Fans’ reverence for ex-players even extends to those who seemingly committed acts of treason. Larry Brown, a former UNC player, took the Kansas job in the 1980s and needed an assistant coach. He hired his old buddy and former Carolina Cougars teammate and player Ed Manning, who at about that time was allegedly driving trucks to make ends meet. Ed, you see, had a son named Danny who had just led Greensboro’s Page High School to a 32-0 record and a state championship in his junior year. (Teammates included future N.C. State and NFL WR Haywood Jeffires.) Danny, the story went, would play pick-up ball with that Jordan guy and a few other Heels in Chapel Hill whenever time permitted. “We were sure he was coming,” Buzz Peterson once told me. Larry Brown hires Ed Manning. Ed Manning and family move to Lawrence, Kan., and the rest is Jayhawk history. But Larry Brown is still revered. It’s the tradition. Everybody is forgiven and everybody’s a Tar Heel. It’s part of the reason the attrition rate is so low. Players know that even if they could leave and play more elsewhere, staying will set them up for life and give them connections.

QUICK HITTERS

Joe Forte.

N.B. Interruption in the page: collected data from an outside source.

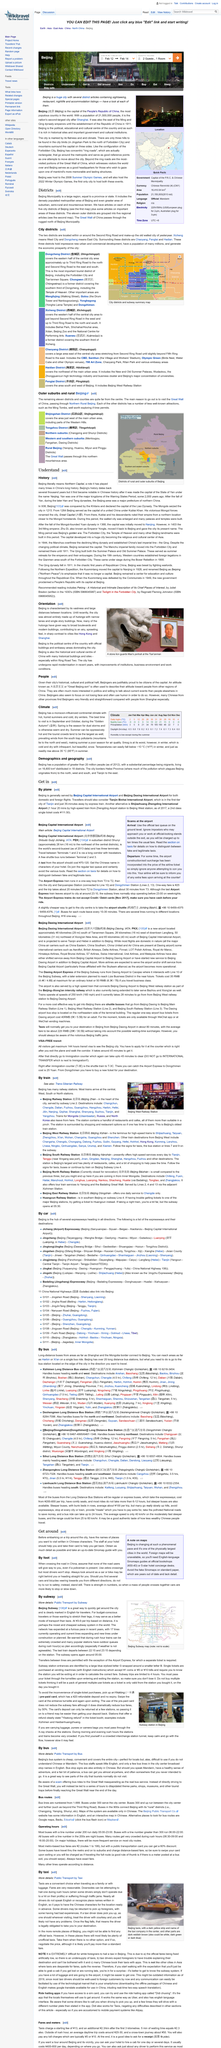Identify some key points in this picture. The subway opens at 05:00 and closes between 22:15 and 23:15. The Republic of China was established in 1911. When a large group of people cross the road at the same time, cars are more likely to stop or slow down. I require a specific type of guide that I can take with me, and I have chosen an English language sinomap guide for this purpose. The range of the cost of a trip is between 3 and 9 per trip. 
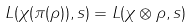Convert formula to latex. <formula><loc_0><loc_0><loc_500><loc_500>L ( \chi ( { \pi } ( \rho ) ) , s ) = L ( \chi \otimes \rho , s )</formula> 
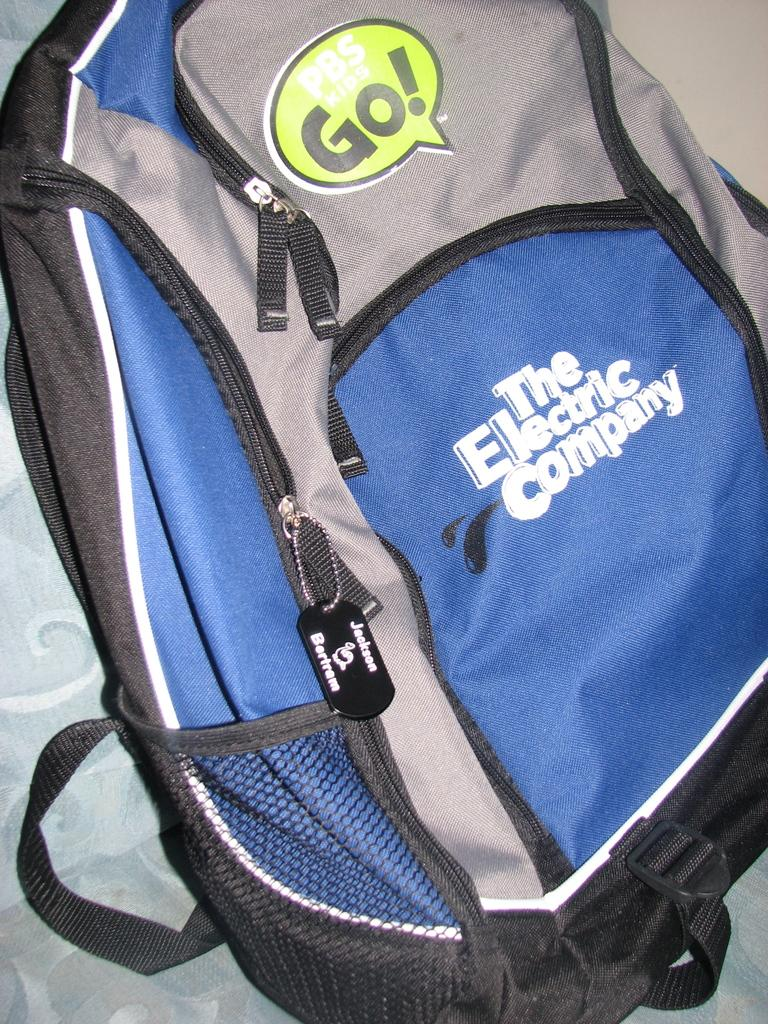<image>
Share a concise interpretation of the image provided. A backpack which has The Electric Company  written on it.

Great talent with a head that wasn’t screwed on entirely straight.

Crossworld puzzle or Sudoku. Crossword. I’m more of a word guy than a numbers guy.

Favorite city in Europe. London. “Home of the brash, outrageous and free,” as Morrissey said.

Julius Peppers. Could have played in the NBA if he had devoted all his energy to hoops. One of the five greatest athletes I’ve covered.

What you want for Christmas. I have no right to ask for anything after today’s news that I will apparently be spared a coaching search after all. (Jim Grobe’s staying at Wake.) But if I can be a spoiled jerk and ask anyway, I’ll choose Springsteen tickets. They go on sale Friday, Dec. 7 at 10 a.m. There are about 15,000 people in this town who claim they were in The Rhinoceros Club, a small but quaint establishment, in 1985 when The Boss joined The Del Fuegos on stage. The place holds no more than 300.

In 2020, newspapers will be … almost exclusively online and out of print.